In the middle distance, a great blue gorge passed transversely across the two ranges and the region between. This, as I rightly conjectured, was the bed of the Sihoon. Our road led downward through groves of fragrant cedars, and we travelled thus for two hours before reaching the river. Taking a northward course up his banks, we reached the second of the Pylæ Ciliciæ before sunset. It is on a grander scale than the first gate, though not so startling and violent in its features. The bare walls on either side fall sheer to the water, and the road, crossing the Sihoon by a lofty bridge of a single arch, is cut along the face of the rock. Near the bridge a subterranean stream, almost as large as the river, bursts forth from the solid heart of the mountain. On either side gigantic masses of rock, with here and there a pine to adorn their sterility, tower to the height of 6,000 feet, in some places almost perpendicular from summit to base. They are worn and broken into all fantastic forms. There are pyramids, towers, bastions, minarets, and long, sharp spires, splintered and jagged as the turrets of an iceberg. I have seen higher mountains, but I have never seen any which looked so high as these. We camped on a narrow plot of ground, in the very heart of the tremendous gorge. A soldier, passing along at dusk, told us that a merchant and his servant were murdered in the same place last winter, and advised us to keep watch. But we slept safely all night, while the stars sparkled over the chasm, and slips of misty cloud hung low on the thousand pinnacles of rock.

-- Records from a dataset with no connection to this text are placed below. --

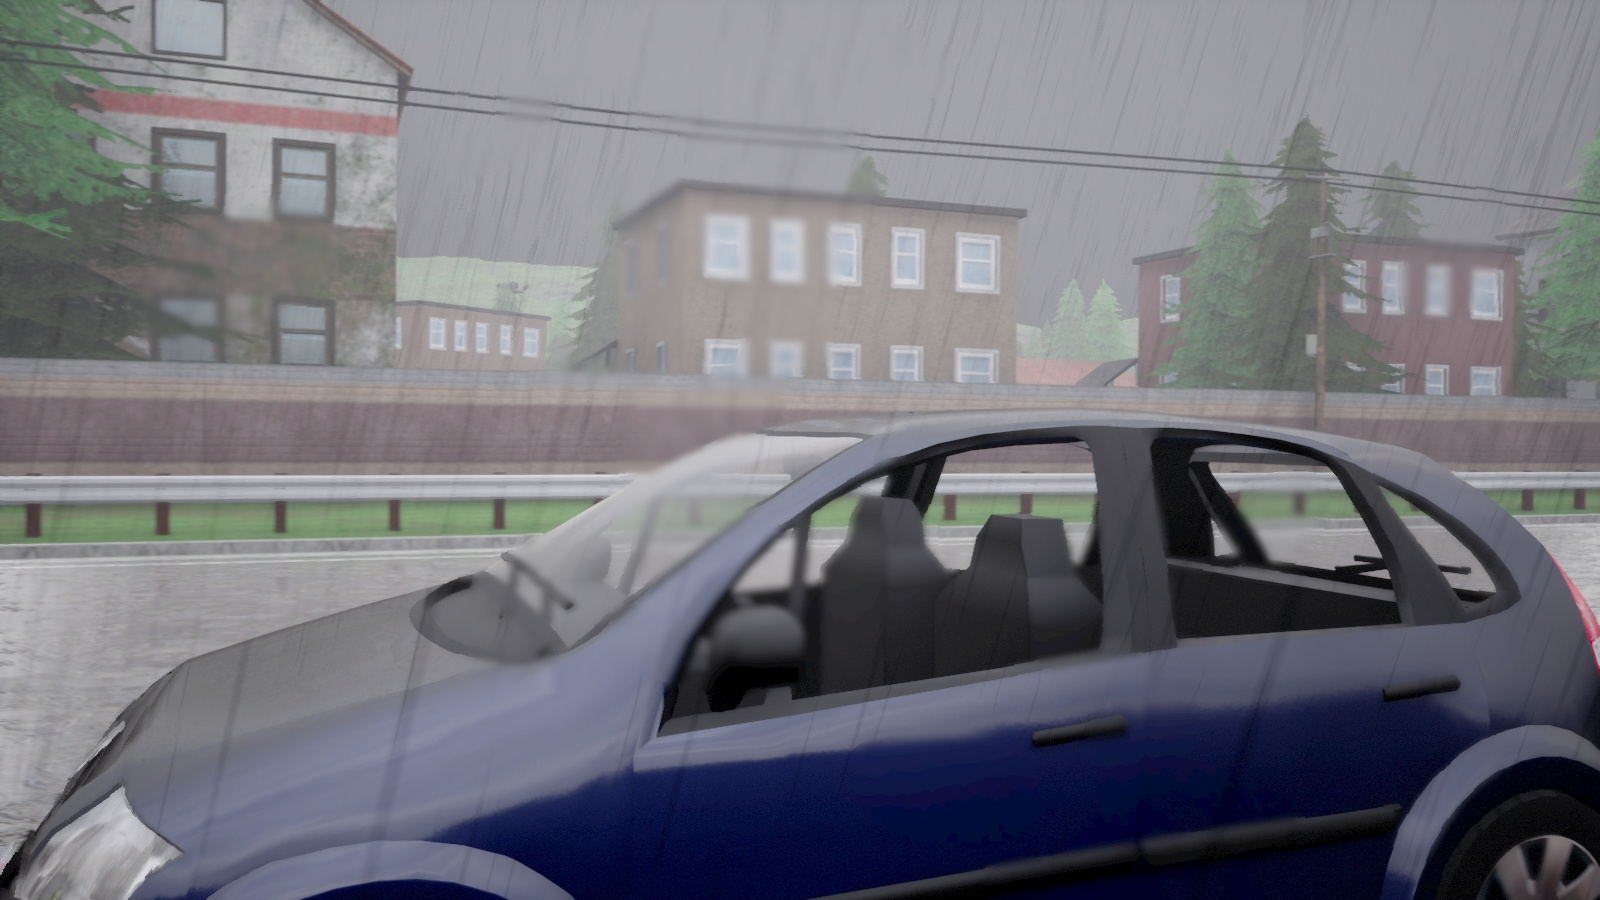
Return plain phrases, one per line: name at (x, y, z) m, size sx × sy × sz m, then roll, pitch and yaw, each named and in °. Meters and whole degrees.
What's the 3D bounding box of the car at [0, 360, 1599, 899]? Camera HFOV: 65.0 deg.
car at (0.204, 0.640, 3.315) m, size 3.988 × 1.617 × 1.851 m, roll -1°, pitch 1°, yaw -21°
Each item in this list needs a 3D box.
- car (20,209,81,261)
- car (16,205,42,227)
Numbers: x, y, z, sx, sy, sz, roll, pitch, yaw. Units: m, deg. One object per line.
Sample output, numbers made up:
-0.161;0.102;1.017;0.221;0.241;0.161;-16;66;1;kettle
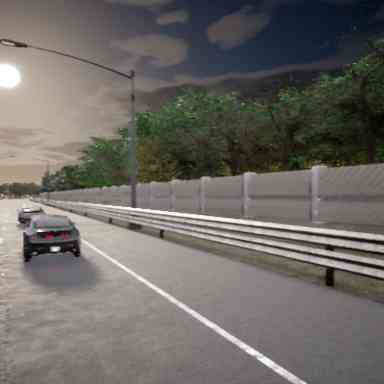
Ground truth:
-5.654;1.639;13.160;1.837;1.490;4.892;0;0;-28;car
-12.741;1.780;26.386;2.128;1.511;4.902;0;0;-28;car
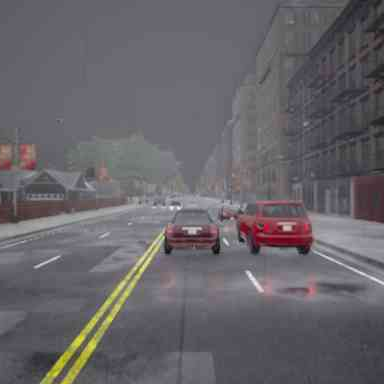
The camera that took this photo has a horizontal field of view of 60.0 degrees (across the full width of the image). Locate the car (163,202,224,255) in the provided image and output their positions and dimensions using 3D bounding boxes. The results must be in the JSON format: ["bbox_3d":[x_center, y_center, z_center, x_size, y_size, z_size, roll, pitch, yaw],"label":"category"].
[{"bbox_3d":[0.006,1.482,14.090,2.097,1.767,4.553,0,-1,0],"label":"car"}]

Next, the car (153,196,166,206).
[{"bbox_3d":[-6.487,1.792,66.788,2.150,2.045,5.566,0,-1,0],"label":"car"}]

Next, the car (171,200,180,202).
[{"bbox_3d":[-3.237,2.186,66.723,1.895,1.301,4.718,0,-1,0],"label":"car"}]

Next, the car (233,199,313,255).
[{"bbox_3d":[3.254,1.348,14.038,2.150,2.045,5.566,0,0,0],"label":"car"}]

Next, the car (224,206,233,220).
[{"bbox_3d":[3.258,1.868,29.113,1.895,1.301,4.718,0,0,0],"label":"car"}]
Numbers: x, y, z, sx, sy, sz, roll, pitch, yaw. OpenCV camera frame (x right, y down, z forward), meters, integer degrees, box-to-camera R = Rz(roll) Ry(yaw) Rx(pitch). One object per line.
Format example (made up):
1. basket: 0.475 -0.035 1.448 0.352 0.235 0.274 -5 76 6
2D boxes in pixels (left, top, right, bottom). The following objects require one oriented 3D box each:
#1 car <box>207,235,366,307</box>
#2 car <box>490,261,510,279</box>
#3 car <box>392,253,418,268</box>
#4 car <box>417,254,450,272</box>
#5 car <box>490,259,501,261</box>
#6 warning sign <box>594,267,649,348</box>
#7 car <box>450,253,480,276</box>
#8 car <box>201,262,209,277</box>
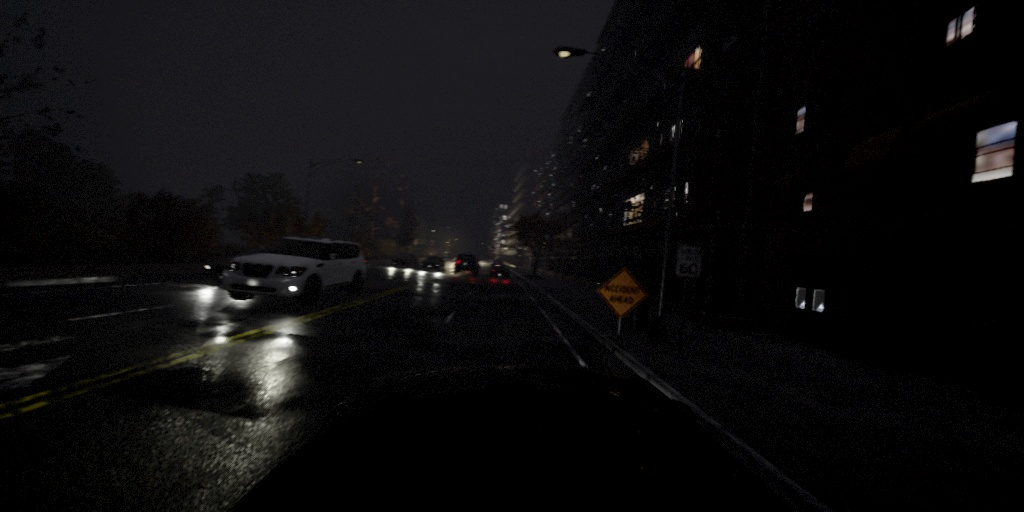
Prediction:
1. car: -6.813 0.359 12.111 2.150 2.045 5.566 6 0 -2
2. car: -1.249 1.505 36.341 1.895 1.301 4.718 6 0 -3
3. car: -11.088 0.395 37.585 1.882 1.535 5.008 6 -1 -3
4. car: -7.784 0.744 35.892 1.837 1.490 4.892 6 -1 -2
5. car: -1.982 1.430 48.631 2.128 1.511 4.902 6 0 -3
6. warning sign: 2.618 1.186 8.908 1.300 1.860 1.060 0 0 -2
7. car: -4.401 0.797 35.344 2.150 2.045 5.566 6 0 -3
8. car: -10.181 0.372 15.254 2.033 1.411 5.357 6 0 -2

When I awoke, the gorge lay in deep shadow; but high up on the western mountain, above the enormous black pyramids that arose from the river, the topmost pinnacles of rock sparkled like molten silver, in the full gush of sunrise. The great mountain, blocking up the gorge behind us, was bathed almost to its foot in the rays, and, seen through such a dark vista, was glorified beyond all other mountains of Earth. The air was piercingly cold and keen, and I could scarcely bear the water of the Sihoon on my sun-inflamed face. There was a little spring not far off, from which we obtained sufficient water to drink, the river being too muddy. The spring was but a thread oozing from the soil; but the Hadji collected it in handfuls, which he emptied into his water-skin, and then brought to us.